Beyin, çevreden ve vücudun içinden paralel olarak sürekli olarak bilgi evrimleştiren tüm bilgi işlem makinelerinin belki de en karmaşıkıdır. Elbette, araştırma düzeyi ne olursa olsun (moleküler düzeyden nörolojik ve psikolojik düzeye kadar), hemen hemen tüm nörobilim, doğrudan veya dolaylı olarak beyin bilgi işleme veya işlev bozukluğu ile ilgilenir. Bu makale, bilgi aktarımının bazı temel yönleri hakkında bilgi ve nöronlar arasındaki akışını kontrol etmenin karmaşıklığının bir örneğini sağlar.
Nöronlar, temel olarak göndermek ve almak için kullandıkları sinaptik bağlantılar yoluyla bilgi paylaşırlar. Birçok nöron arasındaki girdi-çıktı bağlantısı, sinir ağlarını ve tüm beyni çalıştıran sistemdir. O halde sinapslar, nöronlar arasında bilgi aktarımı için temel noktalardır, ancak daha sonra daha ayrıntılı olarak göreceğimiz gibi, aynı zamanda birincil bilgi kodlama sistemi ve artikülasyon sistemidir. Aktiviteleri, aslında, bir nöron tarafından başak dizileri biçiminde kodlanan bilgileri, presinaptik kodun postsinaptik temsilindeki ilk adım olarak tanımlayabileceğimiz bir postsinaptik potansiyeller zincirine (PSP’ler) dönüştürür. Presinaptik bir nöronun spike dizisini bir uyaranın temsili olarak düşünürsek, sinaptik düzeyde üretilen PSP’ler o uyaranın sinaptik temsili olacaktır.

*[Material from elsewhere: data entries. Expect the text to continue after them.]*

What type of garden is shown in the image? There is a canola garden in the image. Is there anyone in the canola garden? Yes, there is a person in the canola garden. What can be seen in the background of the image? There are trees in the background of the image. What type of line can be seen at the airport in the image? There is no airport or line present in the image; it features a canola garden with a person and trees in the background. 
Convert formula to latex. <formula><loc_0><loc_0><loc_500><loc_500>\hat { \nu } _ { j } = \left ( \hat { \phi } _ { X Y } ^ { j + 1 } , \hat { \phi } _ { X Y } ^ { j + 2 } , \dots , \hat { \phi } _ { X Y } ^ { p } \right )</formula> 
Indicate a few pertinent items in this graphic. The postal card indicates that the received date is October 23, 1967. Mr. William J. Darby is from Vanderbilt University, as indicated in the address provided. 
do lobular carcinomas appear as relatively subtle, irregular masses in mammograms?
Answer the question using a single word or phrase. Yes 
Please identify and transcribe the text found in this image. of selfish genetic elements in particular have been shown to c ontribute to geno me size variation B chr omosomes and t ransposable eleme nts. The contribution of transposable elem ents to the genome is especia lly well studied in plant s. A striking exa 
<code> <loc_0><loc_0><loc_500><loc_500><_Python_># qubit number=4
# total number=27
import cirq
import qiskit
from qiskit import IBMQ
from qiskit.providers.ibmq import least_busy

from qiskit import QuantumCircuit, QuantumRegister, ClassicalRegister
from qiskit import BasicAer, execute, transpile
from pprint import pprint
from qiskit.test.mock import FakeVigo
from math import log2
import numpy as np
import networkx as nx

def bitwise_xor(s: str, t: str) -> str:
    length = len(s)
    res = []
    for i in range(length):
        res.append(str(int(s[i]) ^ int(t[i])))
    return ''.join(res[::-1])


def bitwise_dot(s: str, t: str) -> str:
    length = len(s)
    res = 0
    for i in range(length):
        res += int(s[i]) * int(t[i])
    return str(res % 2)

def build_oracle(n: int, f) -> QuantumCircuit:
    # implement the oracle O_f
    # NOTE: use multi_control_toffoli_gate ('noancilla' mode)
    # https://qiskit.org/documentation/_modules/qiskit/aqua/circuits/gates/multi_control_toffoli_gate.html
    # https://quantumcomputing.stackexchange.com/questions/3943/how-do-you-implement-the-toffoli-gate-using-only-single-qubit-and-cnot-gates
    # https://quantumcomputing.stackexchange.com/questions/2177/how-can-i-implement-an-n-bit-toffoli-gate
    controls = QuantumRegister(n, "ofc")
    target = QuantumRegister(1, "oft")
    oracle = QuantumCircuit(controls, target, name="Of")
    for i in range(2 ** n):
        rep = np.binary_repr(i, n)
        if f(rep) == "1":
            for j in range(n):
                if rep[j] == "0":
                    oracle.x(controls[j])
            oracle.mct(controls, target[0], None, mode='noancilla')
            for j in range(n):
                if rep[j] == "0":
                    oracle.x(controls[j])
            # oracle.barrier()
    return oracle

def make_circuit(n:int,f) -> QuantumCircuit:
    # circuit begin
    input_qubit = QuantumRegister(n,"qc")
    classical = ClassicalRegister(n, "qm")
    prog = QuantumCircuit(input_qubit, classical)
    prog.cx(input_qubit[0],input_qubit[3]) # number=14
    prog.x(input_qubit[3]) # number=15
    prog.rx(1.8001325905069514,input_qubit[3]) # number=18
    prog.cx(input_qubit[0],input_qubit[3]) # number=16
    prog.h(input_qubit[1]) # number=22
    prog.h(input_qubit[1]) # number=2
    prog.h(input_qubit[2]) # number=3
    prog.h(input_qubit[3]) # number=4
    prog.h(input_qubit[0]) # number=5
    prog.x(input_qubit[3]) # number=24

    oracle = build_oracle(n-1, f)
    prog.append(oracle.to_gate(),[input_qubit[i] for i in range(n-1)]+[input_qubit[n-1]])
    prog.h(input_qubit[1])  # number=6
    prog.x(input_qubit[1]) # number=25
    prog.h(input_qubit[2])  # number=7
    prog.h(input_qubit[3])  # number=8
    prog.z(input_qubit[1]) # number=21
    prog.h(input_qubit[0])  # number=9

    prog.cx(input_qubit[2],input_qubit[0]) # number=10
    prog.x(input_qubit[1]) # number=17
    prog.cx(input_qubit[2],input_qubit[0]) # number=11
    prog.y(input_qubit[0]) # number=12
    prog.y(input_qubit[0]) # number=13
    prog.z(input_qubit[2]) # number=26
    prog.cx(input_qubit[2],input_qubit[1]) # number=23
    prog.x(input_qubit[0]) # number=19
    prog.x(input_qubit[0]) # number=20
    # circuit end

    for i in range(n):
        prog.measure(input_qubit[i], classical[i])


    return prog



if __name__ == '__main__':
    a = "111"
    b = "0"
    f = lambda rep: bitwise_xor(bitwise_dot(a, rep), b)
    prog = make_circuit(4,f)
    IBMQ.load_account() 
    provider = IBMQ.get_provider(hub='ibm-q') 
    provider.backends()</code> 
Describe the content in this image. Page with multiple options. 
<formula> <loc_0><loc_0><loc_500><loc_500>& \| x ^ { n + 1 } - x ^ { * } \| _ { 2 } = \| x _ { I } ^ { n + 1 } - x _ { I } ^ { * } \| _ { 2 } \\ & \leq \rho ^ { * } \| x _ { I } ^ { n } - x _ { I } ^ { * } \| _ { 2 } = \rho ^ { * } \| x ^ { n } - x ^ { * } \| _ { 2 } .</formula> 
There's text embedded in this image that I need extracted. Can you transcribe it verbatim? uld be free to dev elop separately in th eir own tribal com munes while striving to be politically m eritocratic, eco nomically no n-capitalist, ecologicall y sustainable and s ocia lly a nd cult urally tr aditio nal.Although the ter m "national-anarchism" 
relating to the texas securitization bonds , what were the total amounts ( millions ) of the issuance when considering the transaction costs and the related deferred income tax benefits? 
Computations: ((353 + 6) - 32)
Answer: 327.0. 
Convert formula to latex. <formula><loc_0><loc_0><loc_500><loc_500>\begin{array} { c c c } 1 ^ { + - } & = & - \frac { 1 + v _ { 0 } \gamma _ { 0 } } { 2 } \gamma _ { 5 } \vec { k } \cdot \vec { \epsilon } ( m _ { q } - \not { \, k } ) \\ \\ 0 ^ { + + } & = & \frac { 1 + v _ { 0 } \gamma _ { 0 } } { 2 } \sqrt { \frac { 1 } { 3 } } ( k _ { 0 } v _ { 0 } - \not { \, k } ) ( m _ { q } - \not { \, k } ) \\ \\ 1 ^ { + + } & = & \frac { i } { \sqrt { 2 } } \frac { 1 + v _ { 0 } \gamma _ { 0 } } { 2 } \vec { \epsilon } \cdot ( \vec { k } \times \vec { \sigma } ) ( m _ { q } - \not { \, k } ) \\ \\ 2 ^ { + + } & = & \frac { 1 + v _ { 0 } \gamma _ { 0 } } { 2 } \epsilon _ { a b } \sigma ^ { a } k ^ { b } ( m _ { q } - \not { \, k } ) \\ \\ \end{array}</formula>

Bununla birlikte, bir uyaranın anlamı yalnızca çevresel bir uyaranın kodlanması anlamına gelmez. Birkaç nörondaki dürtü zincirleri, yalnızca uyaranların bir kodlaması değil, aynı zamanda hafızanın, akıl yürütmenin, akıl yürütmenin vb. Ayrıca spike dizisinin rolü ne olursa olsun ilişkili üst düzey sunumlara katılır, diğer nöronlara iletilen ve PSP dizisindeki sinaptik düzeyde çevrilen bilgileri temsil eder. Bunun postsinaptik yükselme dizisine nasıl yeniden kodlandığı, tüm nöronal girdilerin tutarlı bir zaman penceresine karmaşık entegrasyonuna bağlıdır.
Bu sadece uyaranları kodlamakla ilgili değil, aynı zamanda hafızayı, muhakemeyi, muhakemeyi vb. Ayrıca PSP sekansı ile ilişkili daha yüksek dereceli sunumlarda yer alırlar.Spike sekansının rolü ne olursa olsun, diğer nöronlara iletilen ve PSP sekansındaki sinaptik seviyede tercüme edilen bilgiyi temsil eder. Bunun postsinaptik yükselme dizisine nasıl yeniden kodlandığı, tüm nöronal girdilerin tutarlı bir zaman penceresine karmaşık entegrasyonuna bağlıdır. Sadece uyaranların kodlanması değil, aynı zamanda hafızanın geri alınması, akıl yürütme, akıl yürütme vb. Ayrıca PSP sekansı ile ilişkili daha yüksek dereceli sunumlarda yer alırlar.Spike sekansının rolü ne olursa olsun, diğer nöronlara iletilen ve PSP sekansındaki sinaptik seviyede tercüme edilen bilgiyi temsil eder. Bunun postsinaptik yükselme dizisine nasıl yeniden kodlandığı, tüm nöronal girdilerin tutarlı bir zaman penceresine karmaşık entegrasyonuna bağlıdır.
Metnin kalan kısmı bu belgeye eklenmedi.